9th IEEE/EMBS International Conference on Neural Engineering (NER), San-Francisco, Costa Rica, 20 - 23 March 2019, pp.577-580, (Full Text) identifier identifier

  • Publication Type: Conference Paper / Full Text
  • Volume:
  • Doi Number: 10.1109/ner.2019.8717152
  • City: San-Francisco
  • Country: Costa Rica
  • Page Numbers: pp.577-580
  • Keywords: EEG, deep learning, classification
  • Open Archive Collection: AVESIS Open Access Collection
  • Middle East Technical University Affiliated: Yes

Abstract

The problem of detecting the presence of Social Anxiety Disorder (SAD) using Electroencephalography (EEG) for classification has seen limited study and is addressed with a new approach that seeks to exploit the knowledge of EEG sensor spatial configuration.

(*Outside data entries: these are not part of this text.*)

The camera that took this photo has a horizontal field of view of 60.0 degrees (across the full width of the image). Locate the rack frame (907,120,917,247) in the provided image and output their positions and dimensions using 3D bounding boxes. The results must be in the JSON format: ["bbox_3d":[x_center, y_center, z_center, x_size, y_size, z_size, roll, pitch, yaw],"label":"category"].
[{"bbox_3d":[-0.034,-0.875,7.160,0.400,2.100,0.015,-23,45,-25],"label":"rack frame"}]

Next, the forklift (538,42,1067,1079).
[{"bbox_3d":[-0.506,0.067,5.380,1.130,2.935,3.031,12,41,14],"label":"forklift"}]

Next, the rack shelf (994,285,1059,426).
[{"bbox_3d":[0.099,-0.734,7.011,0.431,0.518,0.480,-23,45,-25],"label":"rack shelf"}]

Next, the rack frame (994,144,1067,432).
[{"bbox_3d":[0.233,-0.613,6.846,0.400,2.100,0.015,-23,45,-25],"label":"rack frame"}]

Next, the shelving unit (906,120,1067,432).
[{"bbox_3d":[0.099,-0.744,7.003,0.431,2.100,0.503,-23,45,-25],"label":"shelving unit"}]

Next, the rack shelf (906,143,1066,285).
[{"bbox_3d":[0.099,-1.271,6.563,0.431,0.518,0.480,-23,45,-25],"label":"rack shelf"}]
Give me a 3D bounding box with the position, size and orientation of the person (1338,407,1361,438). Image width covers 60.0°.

Two classification models, one which ignores the configuration (model 1) and one that exploits it with different interpolation methods (model 2), are studied. Performance of these two models is examined for analyzing 34 EEG data channels each consisting of five frequency bands and further decomposed with a filter bank. The data are collected from 64 subjects consisting of healthy controls and patients with SAD. Validity of our hypothesis that model 2 will significantly outperform model 1 is borne out in the results, with accuracy 6-7% higher for model 2 for each machine learning algorithm we investigated. Convolutional Neural Networks (CNN) were found to provide much better performance than SVM and kNNs.